By Webteam - 10th September 2019 6:01am
Colchester, September 10th AD43
Since Julius Caesar's second invasion in 54BC much of Britain had provided tribute to Rome, its multitude of mini-kingdoms turned to client states. After the assassination of Caligula (who had planned his own invasion of Britain) and the elevation of Claudius as his successor, the new ruler needed a triumph to cement his position and secure the loyalty of the legions. Britain was an obvious choice, not least because of its silver as other sources were running low, and to associate Claudius with Caesar. A plea for help from a displaced chieftain provided an excuse.
Four legions, roughly 20,000 men, landed either at Richborough in modern Kent, or near Southampton, soon defeating the large forces sent against them in a two-day battle. When the path to final victory was clear, Claudius himself arrived with reinforcements including elephants, facilitating the taking of Colchester, capital of the Catuvellauni.

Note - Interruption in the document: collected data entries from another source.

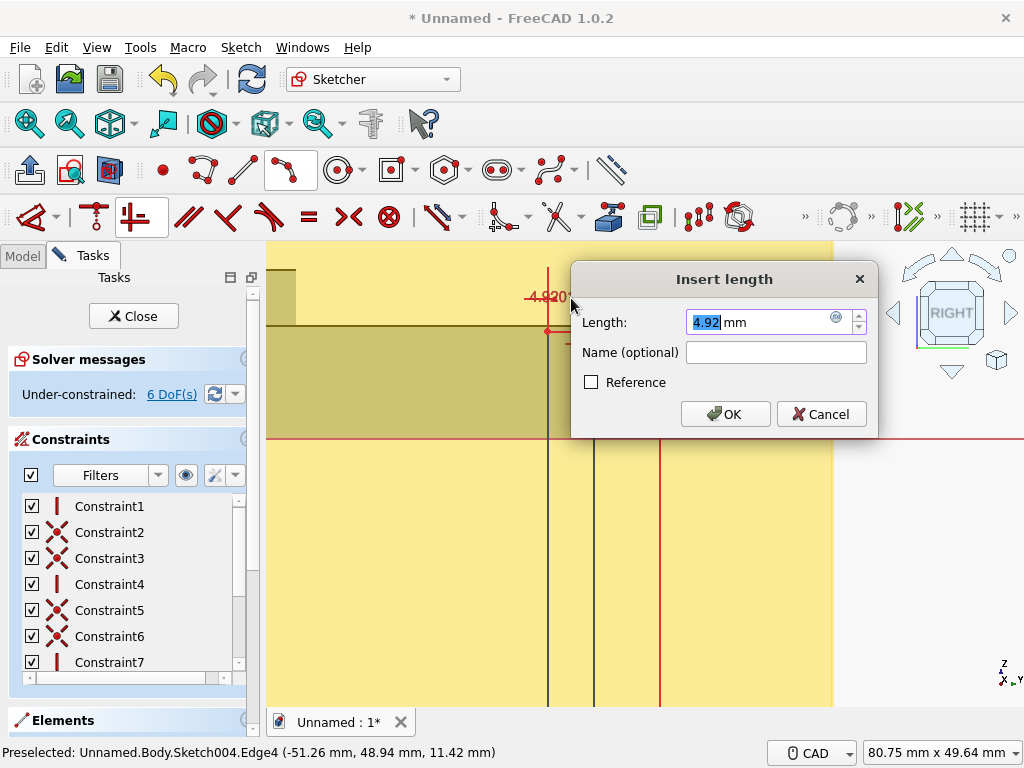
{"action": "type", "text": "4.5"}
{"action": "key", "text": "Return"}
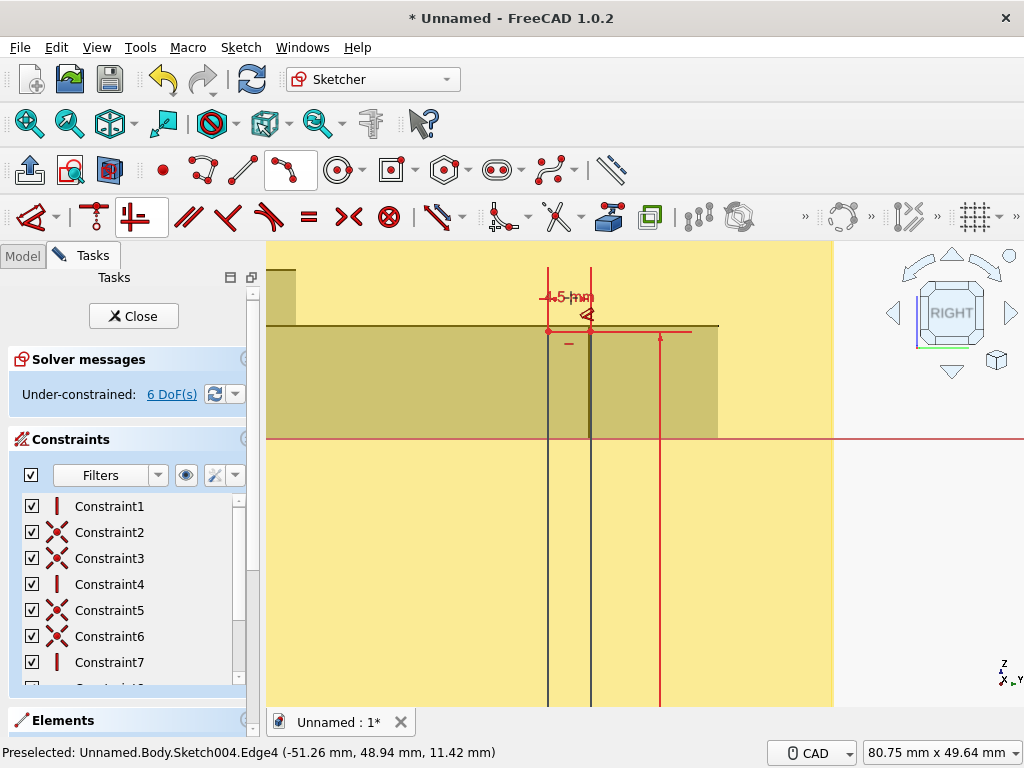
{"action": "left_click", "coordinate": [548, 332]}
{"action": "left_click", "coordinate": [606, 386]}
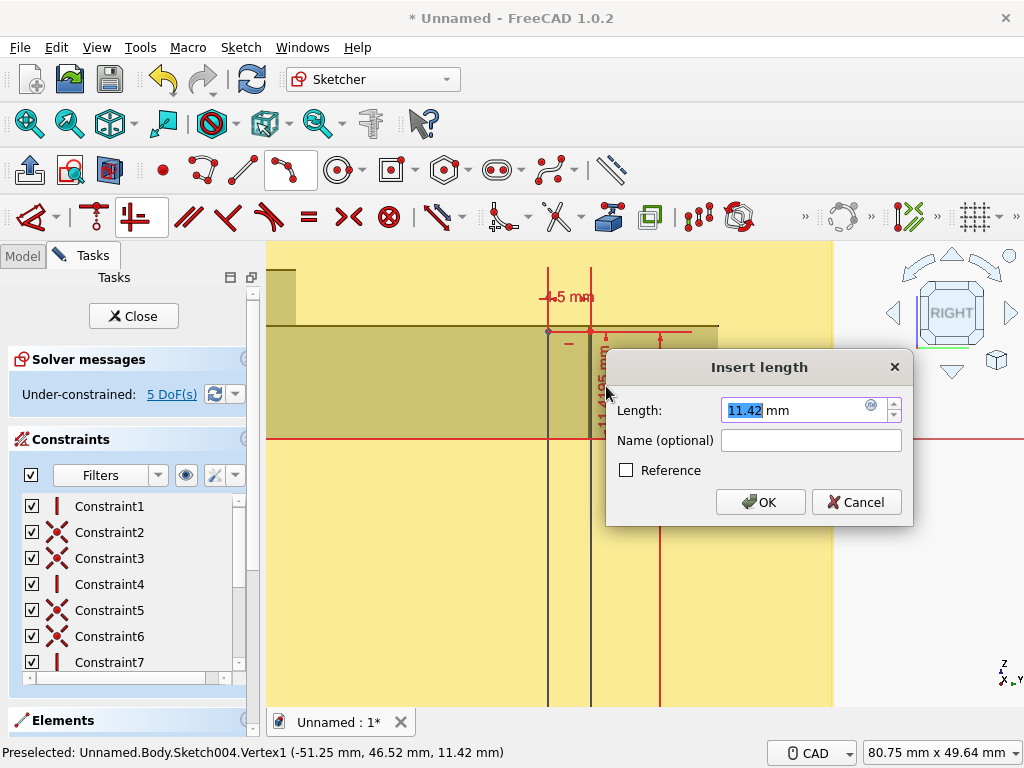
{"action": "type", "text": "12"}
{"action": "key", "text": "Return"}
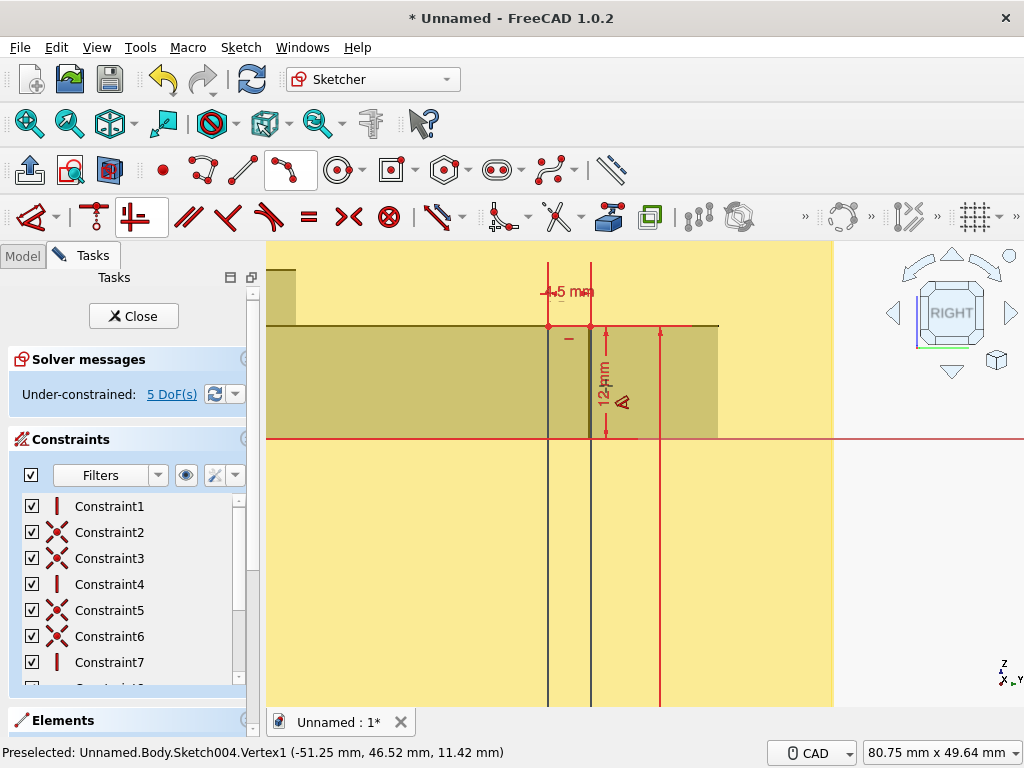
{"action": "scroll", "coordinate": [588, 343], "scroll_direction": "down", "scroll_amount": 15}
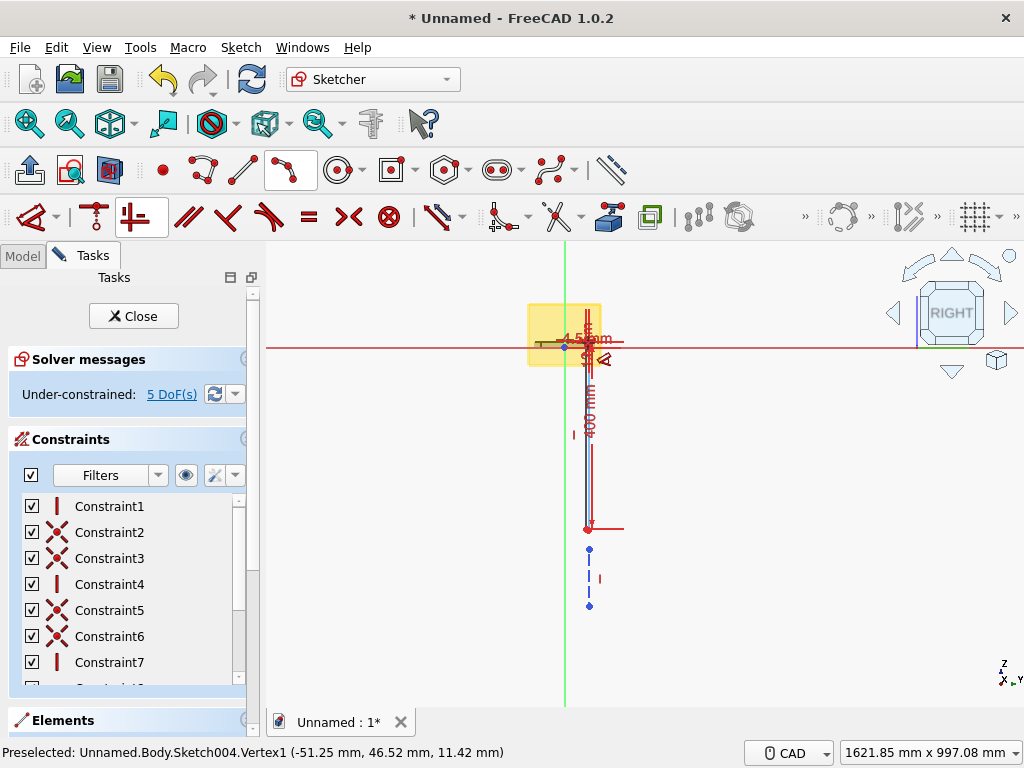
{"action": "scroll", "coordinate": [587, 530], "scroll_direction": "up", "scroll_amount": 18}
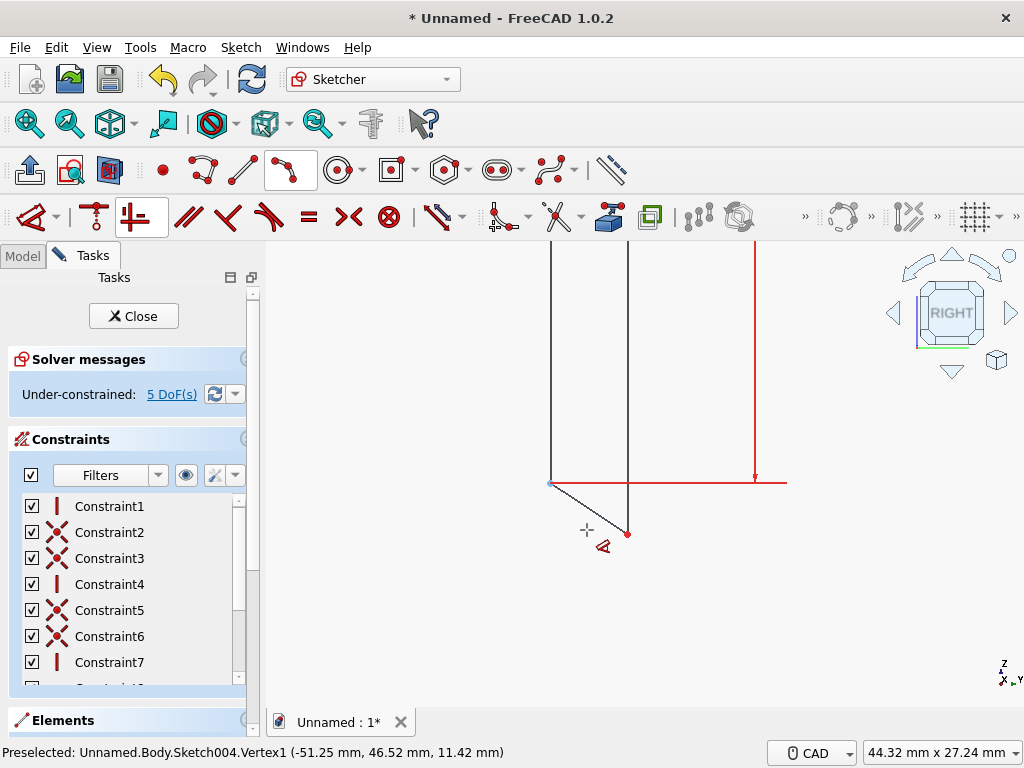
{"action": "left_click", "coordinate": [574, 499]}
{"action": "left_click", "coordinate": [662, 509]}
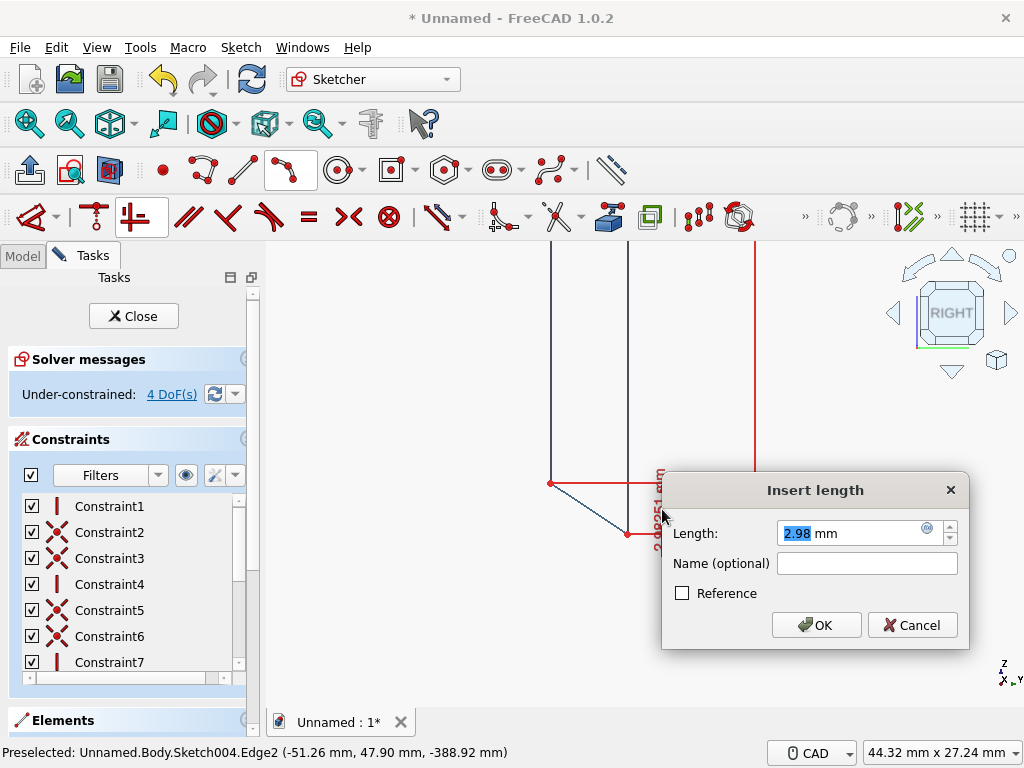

It was hoped that their leader Caratacus would be captured as well, but the latter escaped to continue the fight for a time. Claudius was able to parade in triumph through what the Romans named Camulodunum, his elephants doubtless an imposing sight. Having accepted the submission of 11 tribal kings at what is now the Gosbecks district of Colchester he was able to return to Rome a conqueror, having spent a grand total of 16 days in Britain.
Most of Britain remained under Roman control for nearly four centuries.